### [WORK REQUEST]
From the entries below, retype only the lines from the one with "maker's nationality: german" through the one with "tags: men,female nudes", exactly as written.

### [SOURCE RECORDS]
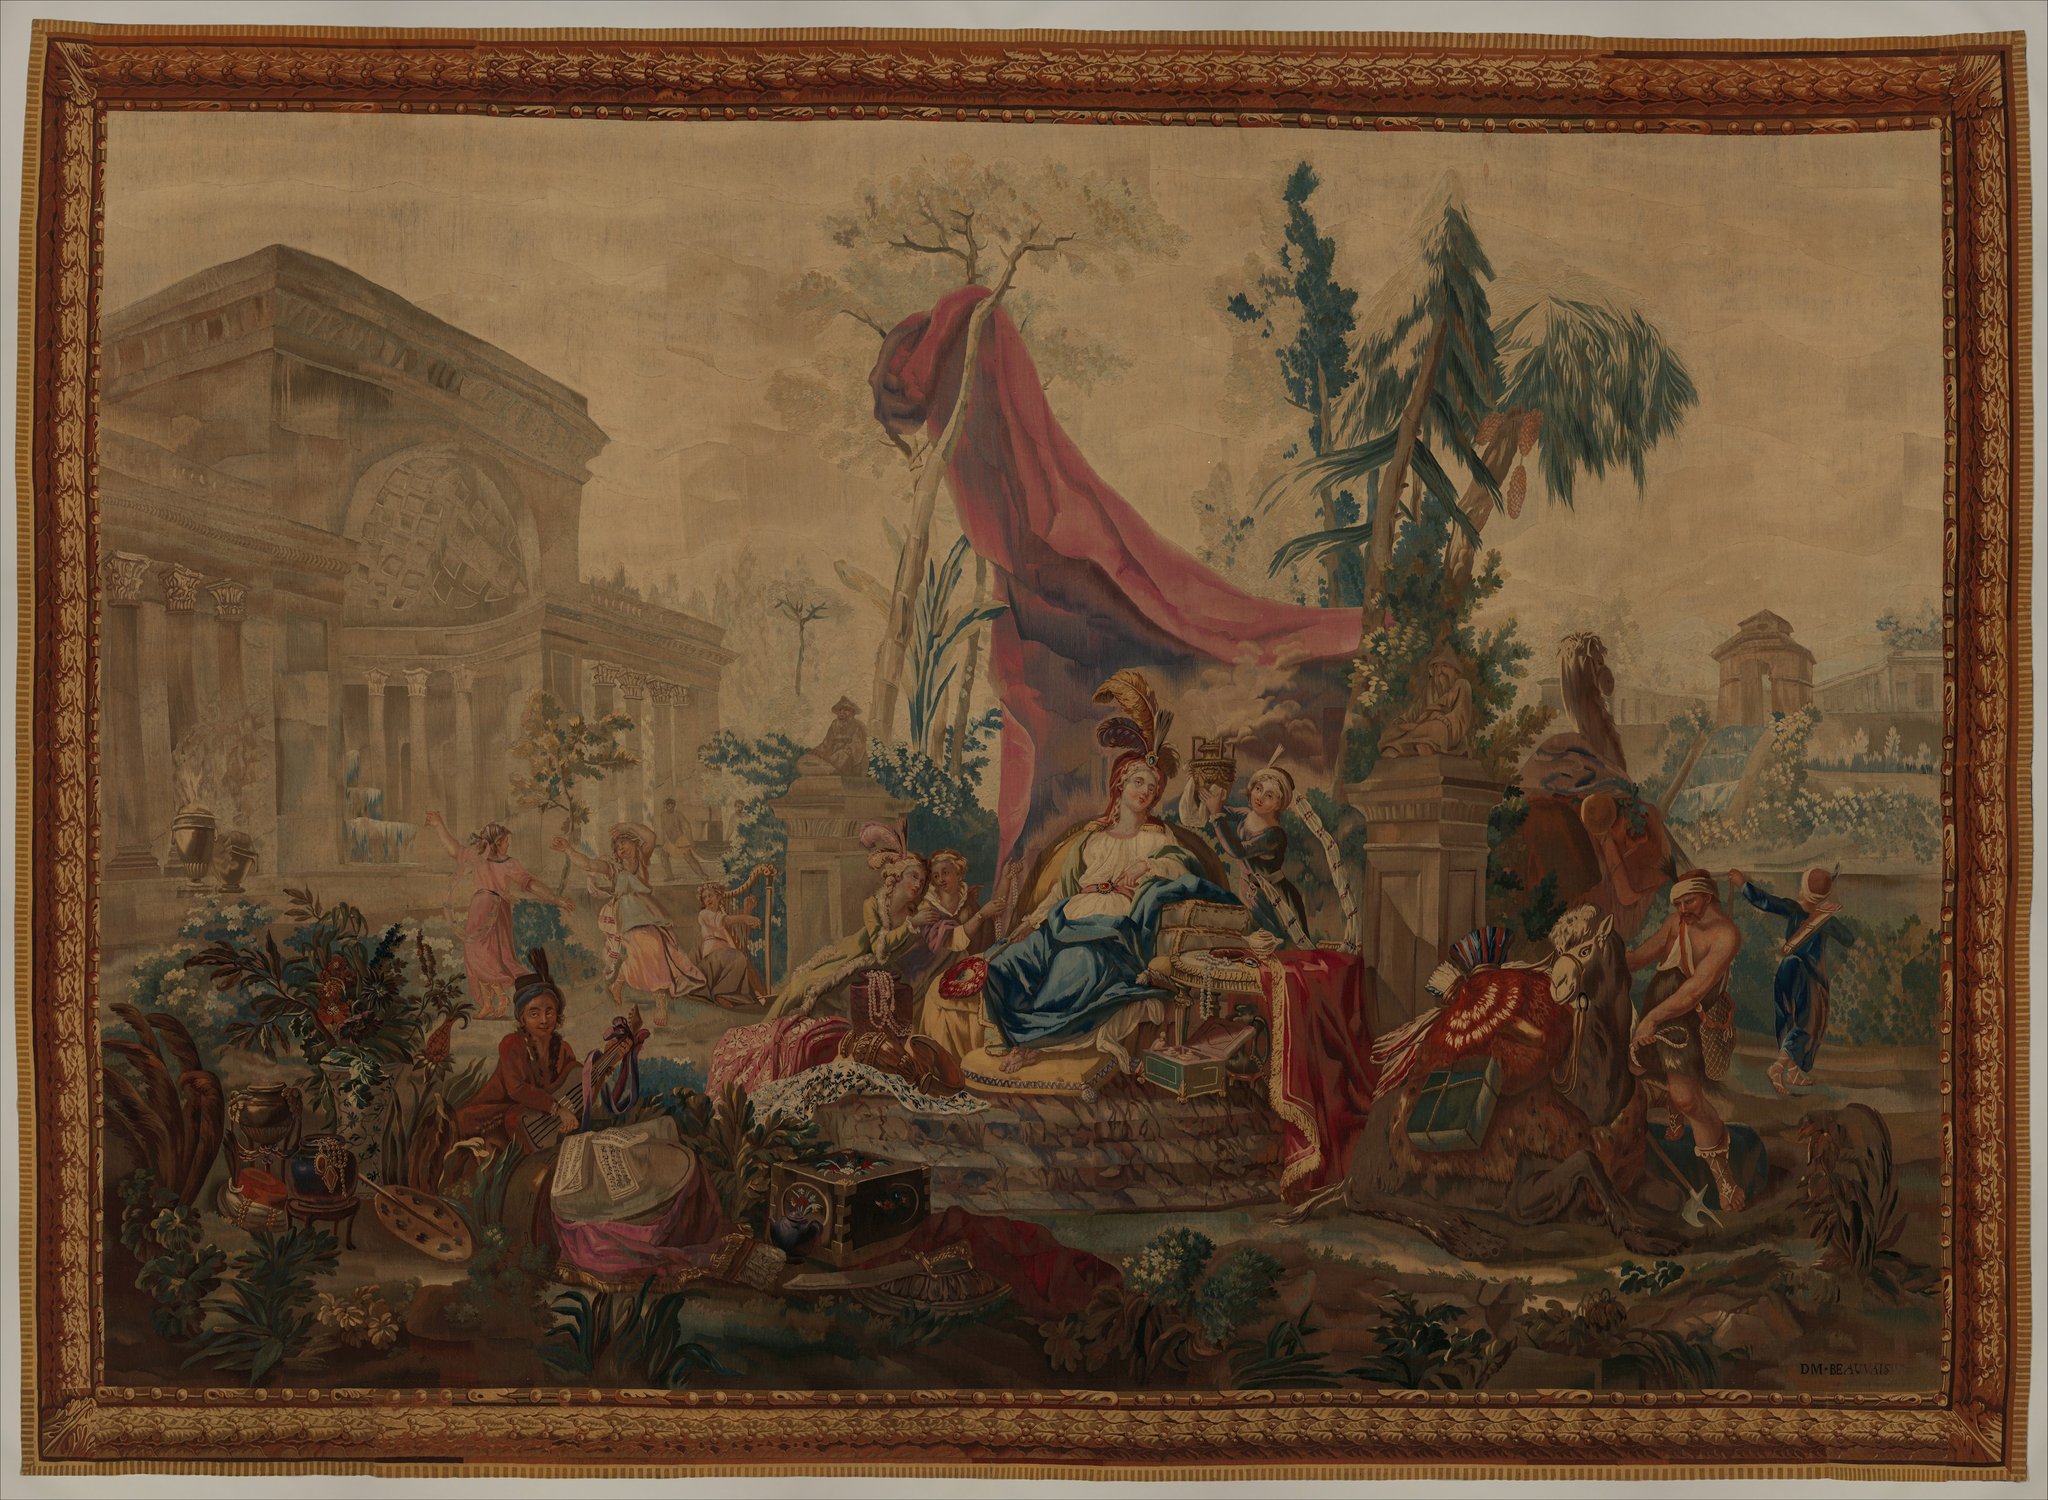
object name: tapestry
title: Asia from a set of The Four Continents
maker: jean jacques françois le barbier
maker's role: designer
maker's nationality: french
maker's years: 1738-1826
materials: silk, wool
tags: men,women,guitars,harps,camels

---

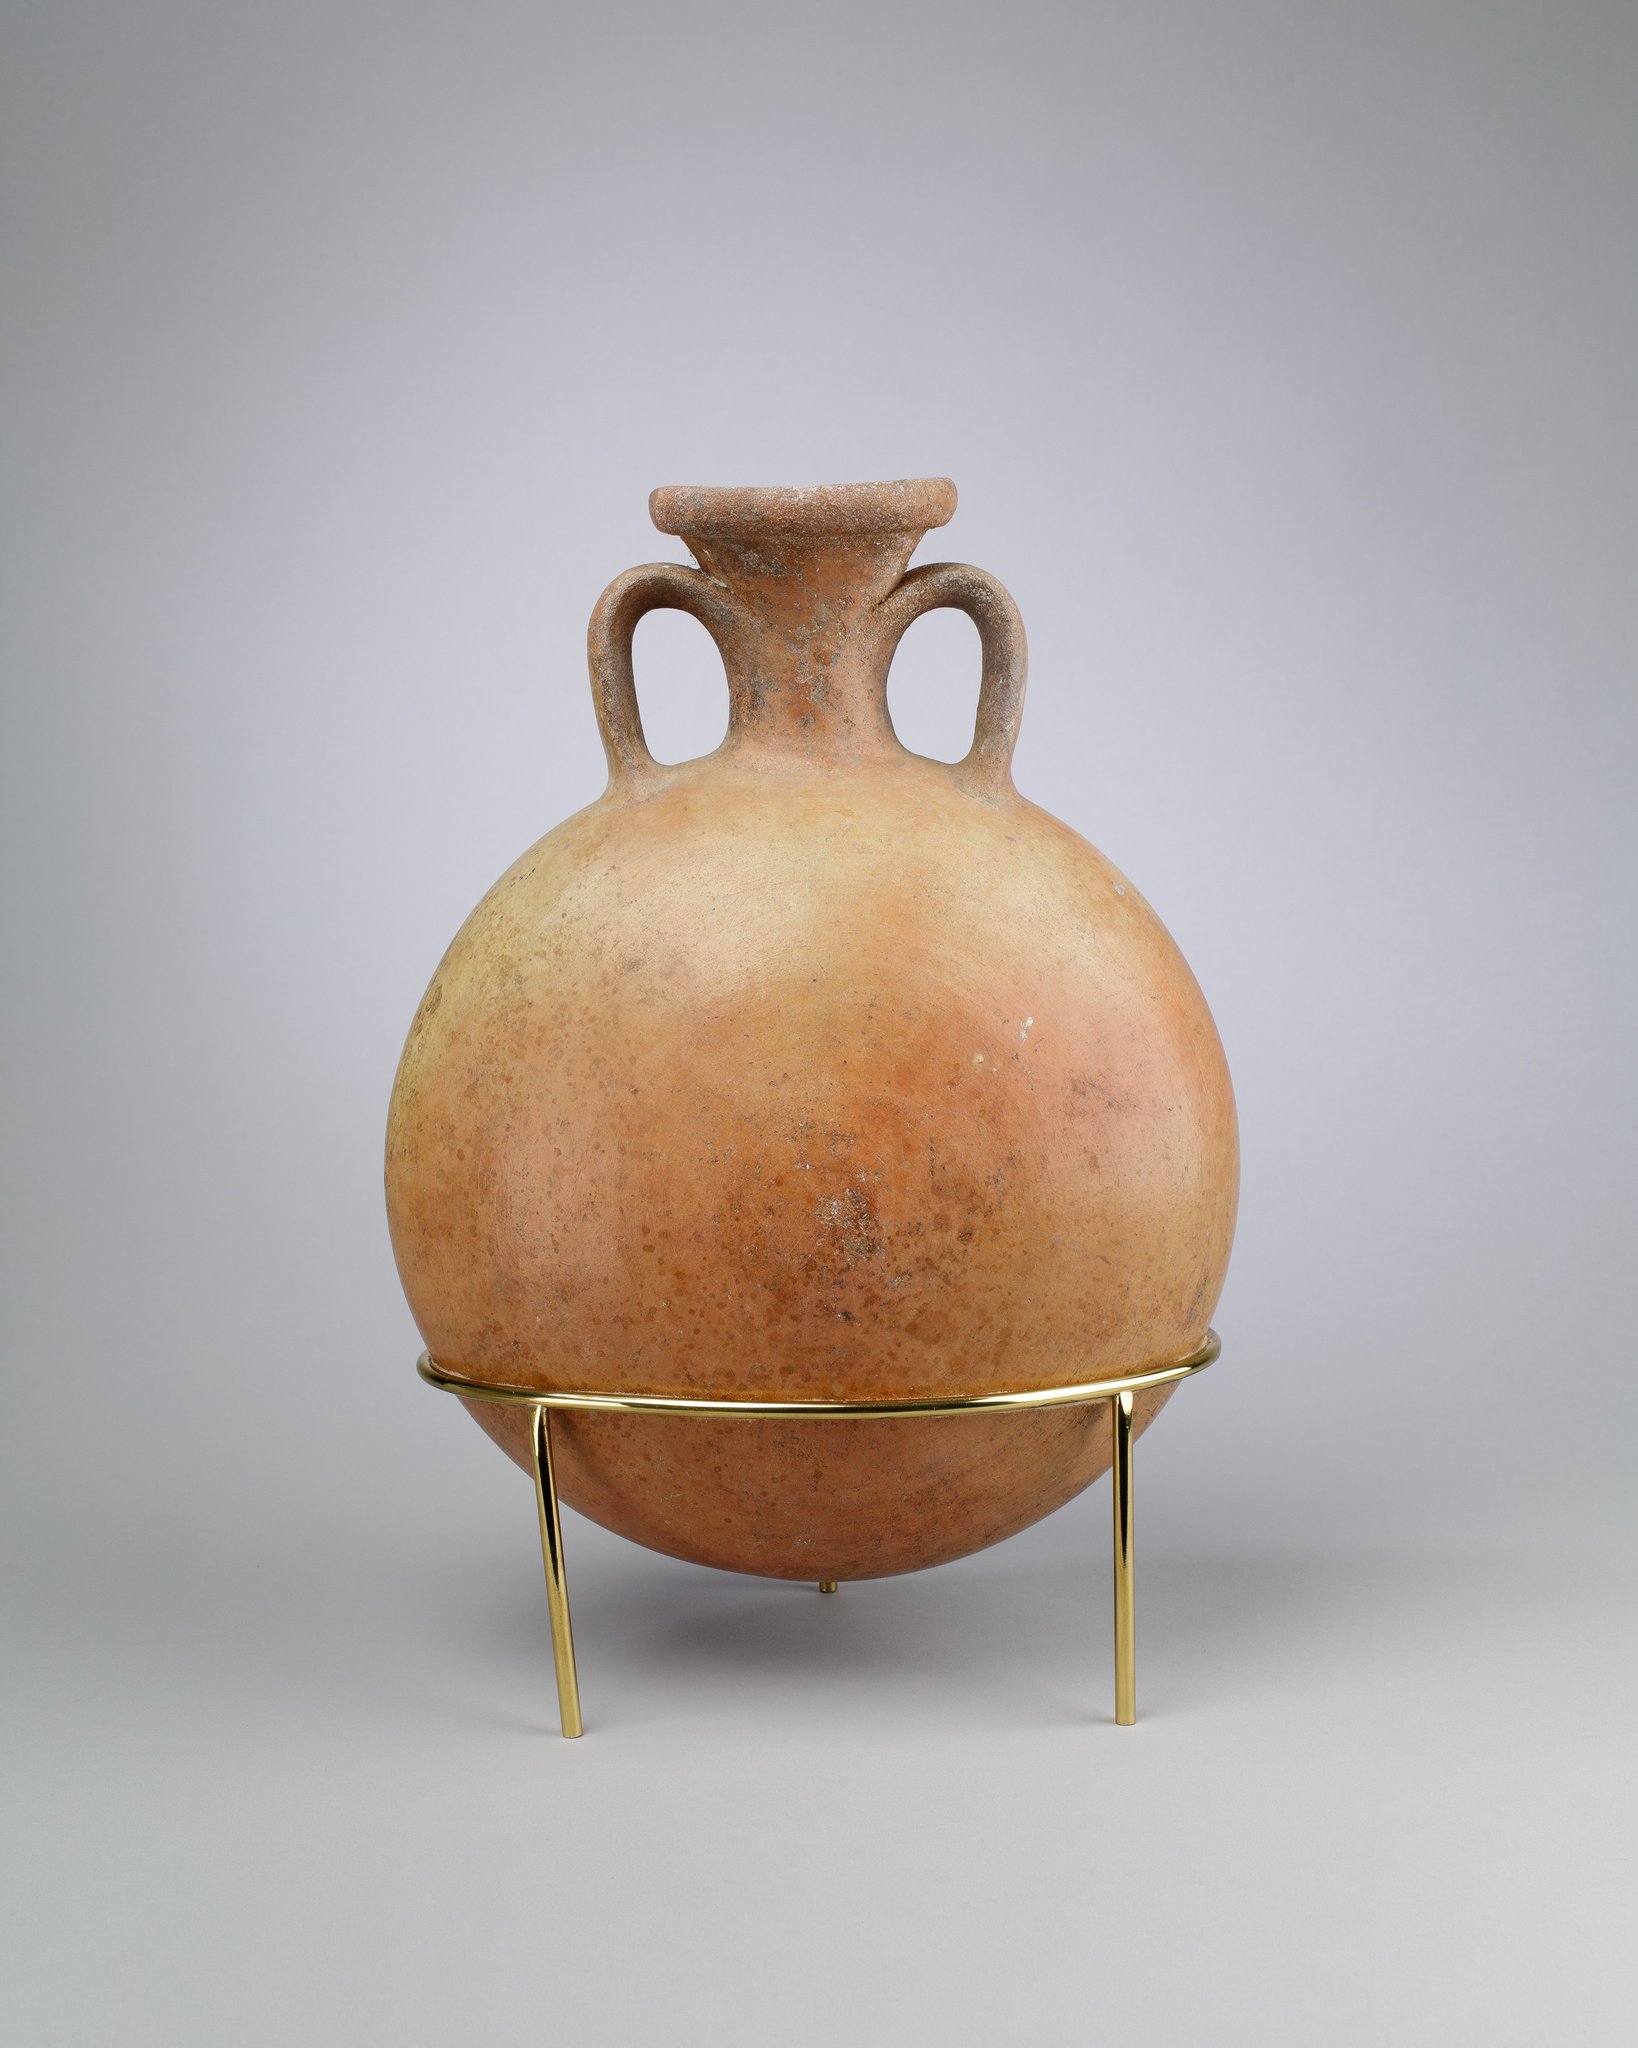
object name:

==

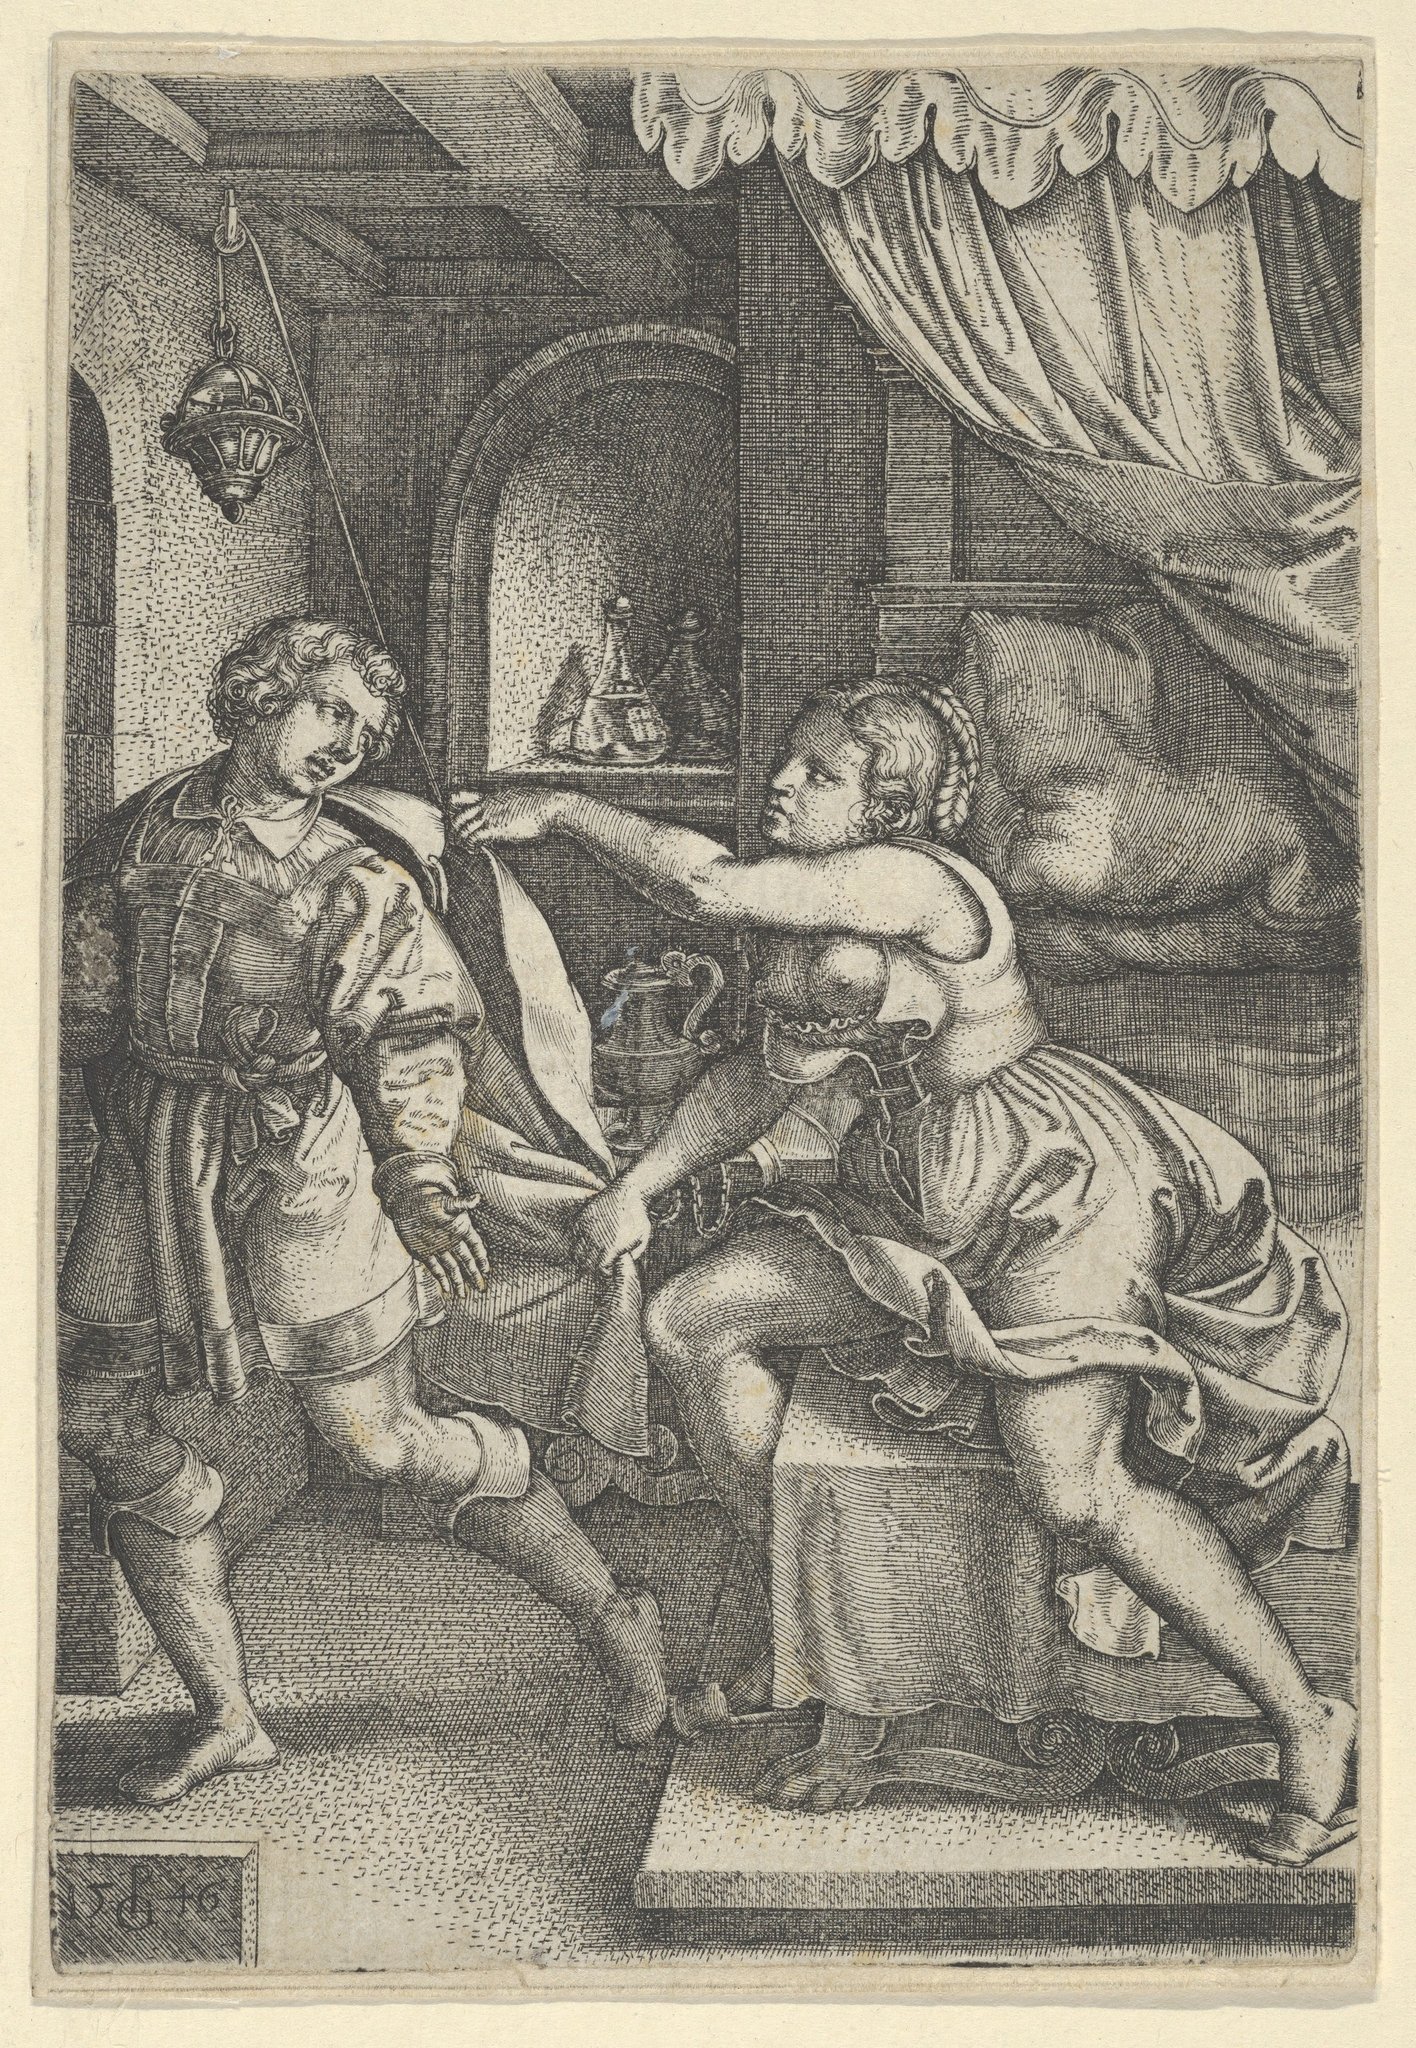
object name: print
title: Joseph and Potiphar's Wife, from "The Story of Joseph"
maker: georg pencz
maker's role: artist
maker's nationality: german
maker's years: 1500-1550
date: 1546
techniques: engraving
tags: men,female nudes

### [EXERCISE SOLUTION]
maker's nationality: german
maker's years: 1500-1550
date: 1546
techniques: engraving
tags: men,female nudes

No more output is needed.